Patients' demographic characteristics are shown in Table 1.

 

 

Adherence to the local care guidelines was 11.2% for step 1, 34.4% for step 2, 92.1% for step 3, and 1.9% for the full guideline. All patients (n = 215) had a chest X-ray requested, 37.7% (n = 81) blood culture, 25.1% (n = 54) microbiology of sputum, and 13.5% (n = 29) had the acid-fast bacilli exam requested. Out of 81 blood cultures, 10 (12.3%) were positive. Among the microorganisms found, the most prevalent were: Streptococcus pneumoniae (n = 3), Klebsiella pneumoniae (n = 2), Gram positive bacilli (n = 1), Escherichia coli (n = 1), Pseudomonas aeruginosa (n = 1), Enterococcus spp. (n = 1) and Staphylococcus aureus (n = 1). In the sputum culture results, there were six outstanding strains: one P. aeruginosa, one S. aureus, one S. pneumoniae, one Klebsiell a spp. and two Candid a spp.

All patients underwent a diagnostic X-ray. Radiological changes in 47.4% (n = 102) of the patients showed consolidation, in 19.5% (n = 42) infiltrates, in 6.5% (n = 14) pleural effusion, and in 8.4% (n = 18) other results. In 9.3% (n = 20) of cases, the X-ray was normal, and in 8.8% (n = 19) there were no results reported in the system.

The distribution of patients, by risk stratification, according to the PSI score was: PSI 1 (7%, n = 15), PSI 2 (11.2%, n = 24), PSI 3 (25.1%, n = 54), PSI 4 (50.2%, n = 108) and PSI 5 (6.5%, n = 14). The median hospital stay was 8 days (IQR 25-75%, 4-17) and their stratification, according to the severity score index, is shown in Fig. 1.

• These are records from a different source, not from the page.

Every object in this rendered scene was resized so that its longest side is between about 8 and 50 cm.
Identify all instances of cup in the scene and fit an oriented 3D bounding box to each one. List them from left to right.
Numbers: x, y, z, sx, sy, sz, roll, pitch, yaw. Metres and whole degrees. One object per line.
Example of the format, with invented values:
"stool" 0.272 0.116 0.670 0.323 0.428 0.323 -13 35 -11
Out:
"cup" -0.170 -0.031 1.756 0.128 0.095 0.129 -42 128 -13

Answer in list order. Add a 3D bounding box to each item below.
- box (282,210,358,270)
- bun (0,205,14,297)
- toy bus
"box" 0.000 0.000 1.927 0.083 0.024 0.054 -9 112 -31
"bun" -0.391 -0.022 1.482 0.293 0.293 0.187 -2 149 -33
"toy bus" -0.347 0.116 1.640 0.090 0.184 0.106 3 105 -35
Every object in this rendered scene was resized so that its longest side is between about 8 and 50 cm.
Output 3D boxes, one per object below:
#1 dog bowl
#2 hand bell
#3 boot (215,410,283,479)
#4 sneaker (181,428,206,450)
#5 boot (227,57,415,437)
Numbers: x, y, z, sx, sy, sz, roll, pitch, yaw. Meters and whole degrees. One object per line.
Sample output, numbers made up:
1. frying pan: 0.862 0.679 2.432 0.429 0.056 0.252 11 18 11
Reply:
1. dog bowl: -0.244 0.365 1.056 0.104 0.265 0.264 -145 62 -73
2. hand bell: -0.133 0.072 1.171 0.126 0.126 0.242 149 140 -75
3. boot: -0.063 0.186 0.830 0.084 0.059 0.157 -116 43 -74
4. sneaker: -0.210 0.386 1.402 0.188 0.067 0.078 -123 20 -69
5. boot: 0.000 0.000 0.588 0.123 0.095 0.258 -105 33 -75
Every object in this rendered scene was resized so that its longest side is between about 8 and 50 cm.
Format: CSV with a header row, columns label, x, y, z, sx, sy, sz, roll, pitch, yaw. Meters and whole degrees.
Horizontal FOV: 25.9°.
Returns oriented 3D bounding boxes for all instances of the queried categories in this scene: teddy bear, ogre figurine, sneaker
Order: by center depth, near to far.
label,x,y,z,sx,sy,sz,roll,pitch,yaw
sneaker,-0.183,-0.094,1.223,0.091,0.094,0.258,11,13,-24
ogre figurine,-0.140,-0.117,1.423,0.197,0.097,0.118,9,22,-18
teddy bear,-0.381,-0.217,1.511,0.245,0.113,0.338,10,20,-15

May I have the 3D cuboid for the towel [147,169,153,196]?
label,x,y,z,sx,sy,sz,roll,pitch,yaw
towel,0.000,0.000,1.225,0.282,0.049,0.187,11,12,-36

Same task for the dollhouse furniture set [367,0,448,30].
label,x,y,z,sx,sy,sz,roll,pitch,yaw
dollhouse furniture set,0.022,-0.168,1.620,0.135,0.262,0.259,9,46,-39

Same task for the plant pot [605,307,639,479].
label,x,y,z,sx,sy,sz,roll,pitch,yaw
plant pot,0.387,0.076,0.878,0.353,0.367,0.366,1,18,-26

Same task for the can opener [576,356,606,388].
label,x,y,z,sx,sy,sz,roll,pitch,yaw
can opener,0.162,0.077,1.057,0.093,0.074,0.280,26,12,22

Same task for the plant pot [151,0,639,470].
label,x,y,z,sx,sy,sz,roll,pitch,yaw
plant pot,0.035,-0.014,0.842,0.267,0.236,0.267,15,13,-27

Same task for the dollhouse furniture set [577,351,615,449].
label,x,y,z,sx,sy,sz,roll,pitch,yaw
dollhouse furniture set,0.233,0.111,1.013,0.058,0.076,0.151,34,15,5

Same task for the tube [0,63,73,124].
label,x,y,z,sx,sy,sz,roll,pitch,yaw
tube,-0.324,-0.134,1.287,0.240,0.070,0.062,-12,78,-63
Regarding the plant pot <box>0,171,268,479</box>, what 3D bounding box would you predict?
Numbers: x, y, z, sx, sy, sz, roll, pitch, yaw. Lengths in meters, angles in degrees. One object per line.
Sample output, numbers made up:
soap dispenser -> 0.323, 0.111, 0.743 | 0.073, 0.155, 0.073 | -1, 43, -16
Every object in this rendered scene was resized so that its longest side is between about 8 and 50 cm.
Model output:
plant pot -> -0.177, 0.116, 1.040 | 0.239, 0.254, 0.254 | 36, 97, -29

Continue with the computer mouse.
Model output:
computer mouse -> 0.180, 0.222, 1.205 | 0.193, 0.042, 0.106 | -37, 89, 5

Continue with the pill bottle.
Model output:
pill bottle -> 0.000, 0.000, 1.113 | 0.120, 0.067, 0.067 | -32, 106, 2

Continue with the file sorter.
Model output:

The antibiotics chosen as first-line therapy were the combination of cefuroxime and azithromycin in 40% (n = 86) of cases, followed by ampicillin + sulbactam in 12.6% (n = 27), cefuroxime in 10.7% (n = 23) and a combination of ampicillin + sulbactam plus azithromycin in 4.7% (n = 10). Sixty percent (n = 130) of patients were treated with a combination of two or more drugs (Table 2).

 

 

The ICC made a median of three evaluations per patient, corresponding to 596 recommendations for the first antimicrobial adopted. The median time, from prescription until evaluation, was 23.5 h (IQR 25-75%, 8-24). Negative evaluations accounted for 9.8% (n = 59) of the first antimicrobial prescribed. The median length of time of antimicrobial use, approved by the ICC team, was 3 days (IQR 25-75%, 3-5) - Table 3.

 

 

Fourteen percent of patients (n = 31) died during hospitalization. Of these, 38% had cancer and 38% suffered from cardiovascular disease. The association between mortality and the severity score is shown in Fig. 2.

In multivariate analysis, the severity score and the use of ampicillin + sulbactam were independent predictors of in-hospital mortality (Table 4). Variables selected for multivariate analysis, based on the significance on univariate analysis were: use of ampicillin + sulbactam, cefuroxime + azithromycin, ampicillin + sulbactam + azithromycin, an association of two or more classes of antimicrobials and the PSI score.

 

Discussion

There was poor adherence to local guidelines except for antimicrobial choice. Most patients had high PSI. The ICC team's evaluation, related to antimicrobial choice, was mostly positive, and the treatment of choice, with two or more classes of antimicrobials, prevailed. The in-hospital mortality was 14%, similar to other centers. Ampicillin + sulbactam and high PSI scores were independently related to in-hospital mortality.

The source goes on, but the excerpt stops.